### WHAT THE EXERCISE ASKS
When the word "whole" shows up in a line of the records below, copy that line.

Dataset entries
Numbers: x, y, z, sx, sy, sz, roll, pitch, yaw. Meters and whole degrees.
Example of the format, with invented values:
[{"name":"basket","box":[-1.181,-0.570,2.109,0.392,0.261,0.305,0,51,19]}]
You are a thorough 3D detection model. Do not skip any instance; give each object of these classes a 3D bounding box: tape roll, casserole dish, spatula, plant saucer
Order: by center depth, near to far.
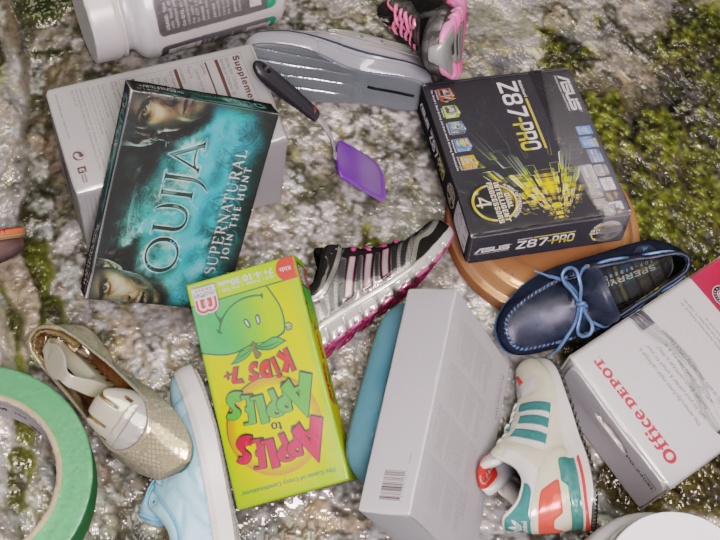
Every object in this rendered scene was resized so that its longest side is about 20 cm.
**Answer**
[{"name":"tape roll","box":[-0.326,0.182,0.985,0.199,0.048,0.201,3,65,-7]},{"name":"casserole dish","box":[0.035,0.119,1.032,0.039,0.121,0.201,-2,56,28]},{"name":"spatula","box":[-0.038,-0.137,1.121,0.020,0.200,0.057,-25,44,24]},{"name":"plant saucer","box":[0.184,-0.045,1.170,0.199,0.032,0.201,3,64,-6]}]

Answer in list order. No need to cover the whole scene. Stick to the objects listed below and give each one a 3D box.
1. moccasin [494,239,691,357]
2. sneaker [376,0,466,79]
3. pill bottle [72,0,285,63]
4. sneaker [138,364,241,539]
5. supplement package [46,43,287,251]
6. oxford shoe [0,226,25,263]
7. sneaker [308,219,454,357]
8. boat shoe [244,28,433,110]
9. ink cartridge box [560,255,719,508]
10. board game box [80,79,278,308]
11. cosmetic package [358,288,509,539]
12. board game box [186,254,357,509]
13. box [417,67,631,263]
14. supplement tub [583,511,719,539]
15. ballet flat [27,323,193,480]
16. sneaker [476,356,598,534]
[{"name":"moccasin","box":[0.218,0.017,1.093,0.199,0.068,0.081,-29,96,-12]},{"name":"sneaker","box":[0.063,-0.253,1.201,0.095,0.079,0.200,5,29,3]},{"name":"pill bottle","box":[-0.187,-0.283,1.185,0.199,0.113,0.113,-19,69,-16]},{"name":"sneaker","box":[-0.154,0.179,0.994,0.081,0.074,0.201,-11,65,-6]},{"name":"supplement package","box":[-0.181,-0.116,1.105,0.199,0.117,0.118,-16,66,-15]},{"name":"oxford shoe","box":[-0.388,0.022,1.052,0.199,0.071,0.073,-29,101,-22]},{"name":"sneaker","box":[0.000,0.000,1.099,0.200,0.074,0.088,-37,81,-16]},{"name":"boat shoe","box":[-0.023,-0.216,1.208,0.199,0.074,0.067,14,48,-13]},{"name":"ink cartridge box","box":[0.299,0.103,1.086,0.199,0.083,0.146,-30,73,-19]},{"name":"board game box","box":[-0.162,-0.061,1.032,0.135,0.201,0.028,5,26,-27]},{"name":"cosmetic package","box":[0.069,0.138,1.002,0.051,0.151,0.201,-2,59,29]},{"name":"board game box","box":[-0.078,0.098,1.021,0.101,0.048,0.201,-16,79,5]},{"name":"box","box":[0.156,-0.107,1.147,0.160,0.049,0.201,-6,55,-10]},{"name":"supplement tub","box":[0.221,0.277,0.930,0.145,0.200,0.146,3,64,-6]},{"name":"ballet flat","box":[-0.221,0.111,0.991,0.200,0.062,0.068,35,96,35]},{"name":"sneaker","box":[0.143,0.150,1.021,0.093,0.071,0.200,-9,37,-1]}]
--
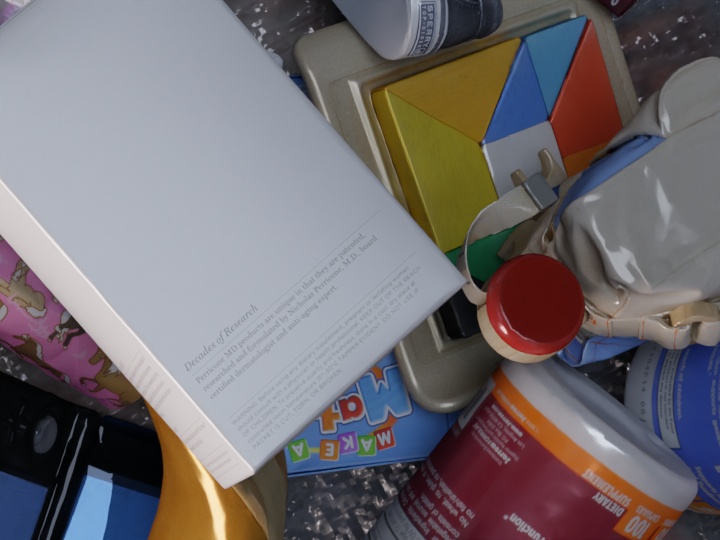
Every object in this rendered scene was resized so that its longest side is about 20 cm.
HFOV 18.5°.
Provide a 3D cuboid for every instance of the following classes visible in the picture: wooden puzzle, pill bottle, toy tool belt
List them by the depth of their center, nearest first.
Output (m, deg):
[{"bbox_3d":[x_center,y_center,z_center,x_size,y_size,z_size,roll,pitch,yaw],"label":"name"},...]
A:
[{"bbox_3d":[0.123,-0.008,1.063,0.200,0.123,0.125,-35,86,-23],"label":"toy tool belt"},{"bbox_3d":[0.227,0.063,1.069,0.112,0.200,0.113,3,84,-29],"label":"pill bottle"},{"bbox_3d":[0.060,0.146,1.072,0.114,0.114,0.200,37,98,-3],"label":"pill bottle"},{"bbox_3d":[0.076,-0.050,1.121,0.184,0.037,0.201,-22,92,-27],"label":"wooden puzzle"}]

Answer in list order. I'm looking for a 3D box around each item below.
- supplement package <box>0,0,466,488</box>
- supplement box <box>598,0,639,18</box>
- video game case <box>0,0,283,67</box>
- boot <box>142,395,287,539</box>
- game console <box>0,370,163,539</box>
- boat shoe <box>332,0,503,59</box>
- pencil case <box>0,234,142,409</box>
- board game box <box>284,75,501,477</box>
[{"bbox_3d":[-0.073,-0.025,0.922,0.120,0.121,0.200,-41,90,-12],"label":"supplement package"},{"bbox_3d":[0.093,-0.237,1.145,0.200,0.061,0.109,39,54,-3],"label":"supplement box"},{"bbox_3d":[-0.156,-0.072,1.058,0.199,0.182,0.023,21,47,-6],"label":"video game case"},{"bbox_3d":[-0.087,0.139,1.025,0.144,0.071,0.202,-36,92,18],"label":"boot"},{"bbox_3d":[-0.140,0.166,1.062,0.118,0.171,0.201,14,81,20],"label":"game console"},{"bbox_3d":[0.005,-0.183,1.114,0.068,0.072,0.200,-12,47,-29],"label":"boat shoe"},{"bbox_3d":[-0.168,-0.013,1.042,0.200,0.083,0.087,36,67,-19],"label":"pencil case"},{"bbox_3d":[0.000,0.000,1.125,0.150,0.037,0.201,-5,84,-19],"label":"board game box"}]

### THE ANSWER
Numbers: x, y, z, sx, sy, sz, roll, pitch, yaw. Meters and whole degrees.
Answer in list order. No need to cover the whole scene. Stick to the objects listed below and give each one a 3D box.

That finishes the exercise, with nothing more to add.